Python爬虫系列
文章目录
前言
本文将介绍如何把爬取的数据,使用Item Pipeline实现数据清洗,同步存储至关系型与文档型数据库。
一、数据结构分析
1.1 爬取数据内容
{
"title": "寂静岛之异兽",
"director": "汪帅",
"actor": "主演张皓承 / 董潞蔓 / 黄宥天",
"duration": "62 Mins",
"movie_image": "https://btdx8.dnscf.vip/cdn-cgi/image/w=200,h=300,fit=cover/uploads/2024/12/848d7eba33c8e2ea27aa672a6ccc0b1c.jpg",
"rating": "",
"release time": "2024-12-27(中国大陆网络)",
"language": "汉语普通话",
"type": "科幻/惊悚/灾难",
"referer": "btdx"
}
1.2 表结构设计
1.3 项目目录结构
二、数据库连接
2.1 项目依赖库下载
# redis mysql mongodb
pip install redis pymysql pymongo
2.2 python连接Redis
# Redis
import redis
import json
class MovieinfoRedisPipeline:
host = '121.40.242.19'
port = 7009
password = '数据库密码'
def open_spider(self, spider):
print(spider.name)
self.conn = redis.Redis(host=self.host, port=self.port, password=self.password)

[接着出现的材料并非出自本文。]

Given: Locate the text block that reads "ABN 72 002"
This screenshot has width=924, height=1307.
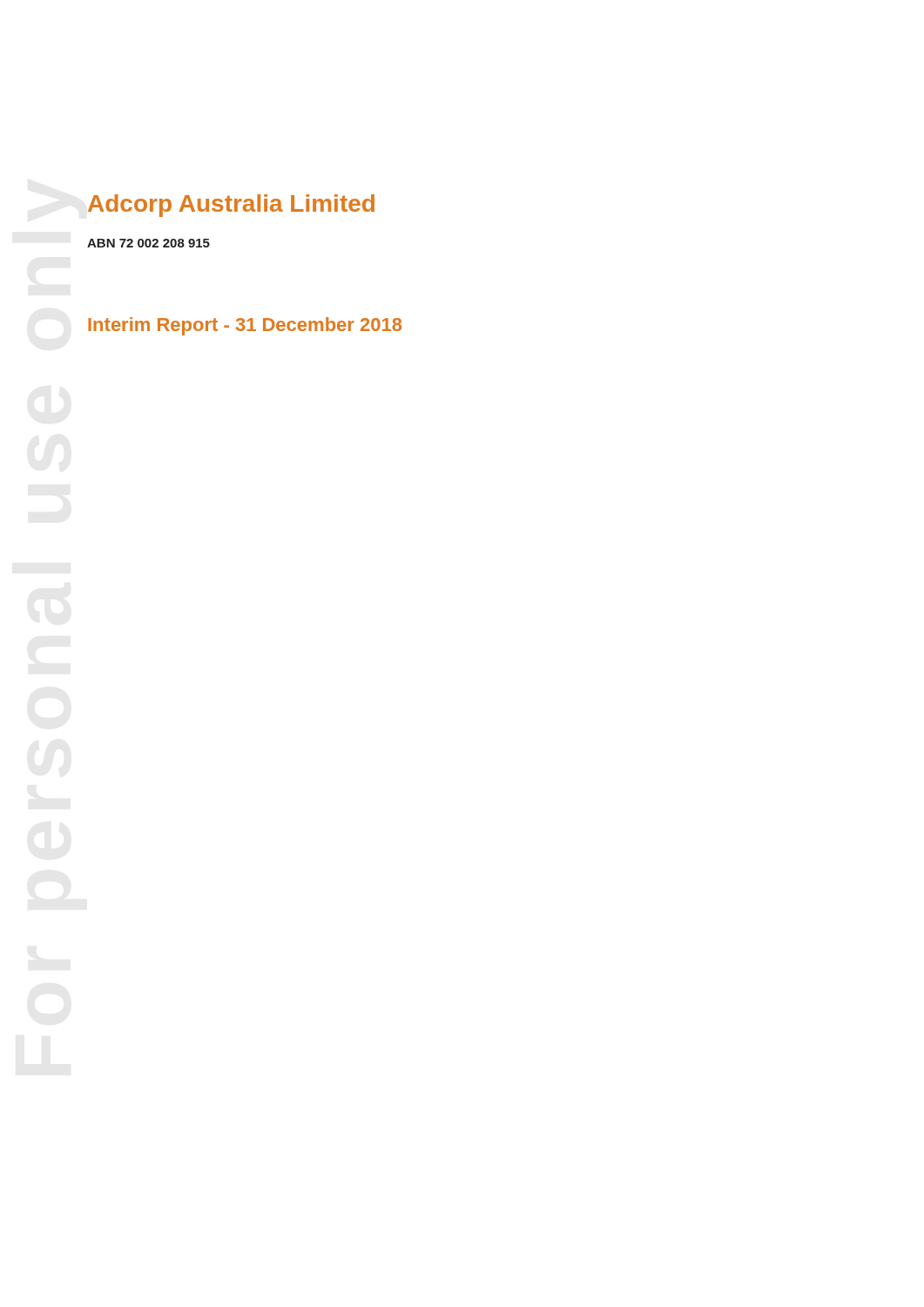Looking at the screenshot, I should tap(148, 243).

def process_item(self, item, spider):
item['referer'] = spider.name
if item.get('title', False):
self.conn.set(item['title'], json.dumps(item))
return item
def close_spider(self, spider):
self.conn.close()
2.3 python连接Mysql
# Mysql
import pymysql
class MovieinfoMysqlPipeline:
# 数据库
database = 'mis'
# 数据库表名称
table = 'tb_movie'
def open_spider(self, spider):
self.conn = pymysql.connect(
host='121.40.242.199',
port=7001,
db=self.database,
user='root',
password='abc123456',
charset='utf8',
)
self.cursor = self.conn.cursor()
def process_item(self, item, spider): # f-string
insert_sql = f"""
INSERT INTO {self.table}
SET
title='{item["title"]}',
director='{item["director"]}',
actor='{item["actor"]}',
duration='{item["duration"]}',
movie_image='{item["movie_image"]}',
rating='{item["rating"]}',
release_time='{item["release time"]}',
type='{item["type"]}',
LANGUAGE='{item["language"]}',
referer='{spider.name}'
"""
# print(insert_sql)
self.cursor.execute(insert_sql)
self.conn.commit()
return item
def close_spider(self, spider):
self.cursor.close()
2.4 python连接MondoDB
# MongoDB
import pymongo
class MovieinfoMongoDBPipeline:
# 数据库
database = 'admin'
# 数据库
password = 'abc123456'
# ip
host = '121.40.242.199'
# 端口
port = 7003
def open_spider(self, spider):
# mongoDB配置
connection_string = f"mongodb://{self.database}:{self.password}@{self.host}:{self.port}/"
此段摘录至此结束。